Lung cancer is the leading cause of cancer death in the world. Currently, surgical resection is the most suitable treatment for patients with early-stage non-small cell lung cancer (NSCLC). However, recurrence is very frequent. Tumour immune infiltration has been correlated with patient outcome; therefore, a better understanding of the tumour immune microenvironment would provide critical information for the development of novel therapeutic approaches.
We aim to correlate spatial characteristics of the immune microenvironment with patient outcome and study how the microenvironment influences the evolution of the disease to identify new predictive biomarkers and propose therapeutic strategies for NSCLC.
This project is using emerging methodologies on paraffin-embedded tissue sections: the MIBIscope that enables multiplex imaging at single cell resolution using heavy metal-conjugated antibodies bound to the tissue and detected by mass spectrometry-time-of-flight (1); and the GeoMX that allows quantification of the entire transcriptome in selected areas of interest for in situ spatial transcriptomic analysis (2).

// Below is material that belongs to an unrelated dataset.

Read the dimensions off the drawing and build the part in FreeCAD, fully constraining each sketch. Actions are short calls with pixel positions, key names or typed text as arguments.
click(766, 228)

We have developed a 38-antibody panel to study the immune cell infiltration with MIBI. We have performed spatial proteomics and transcriptomics analysis of 94 tissues of NSCLC patients for which we possess survival and smoking status. Our first results confirm the importance of the spatial context with specific lymphoid cells infiltrating the tumour of patients with long survival post-surgery (>6yrs) and specific myeloid cells inside the tumour of short survival post-surgery patients (<3yrs). We are also exploring how transcriptional differences between the survival outcomes can relate to the immune infiltrate obtained from the spatial proteomic analysis.
Combined, these technologies will provide in depth analysis of the activation status of immune cell types and their local impact on tumour cell characteristics and evolution.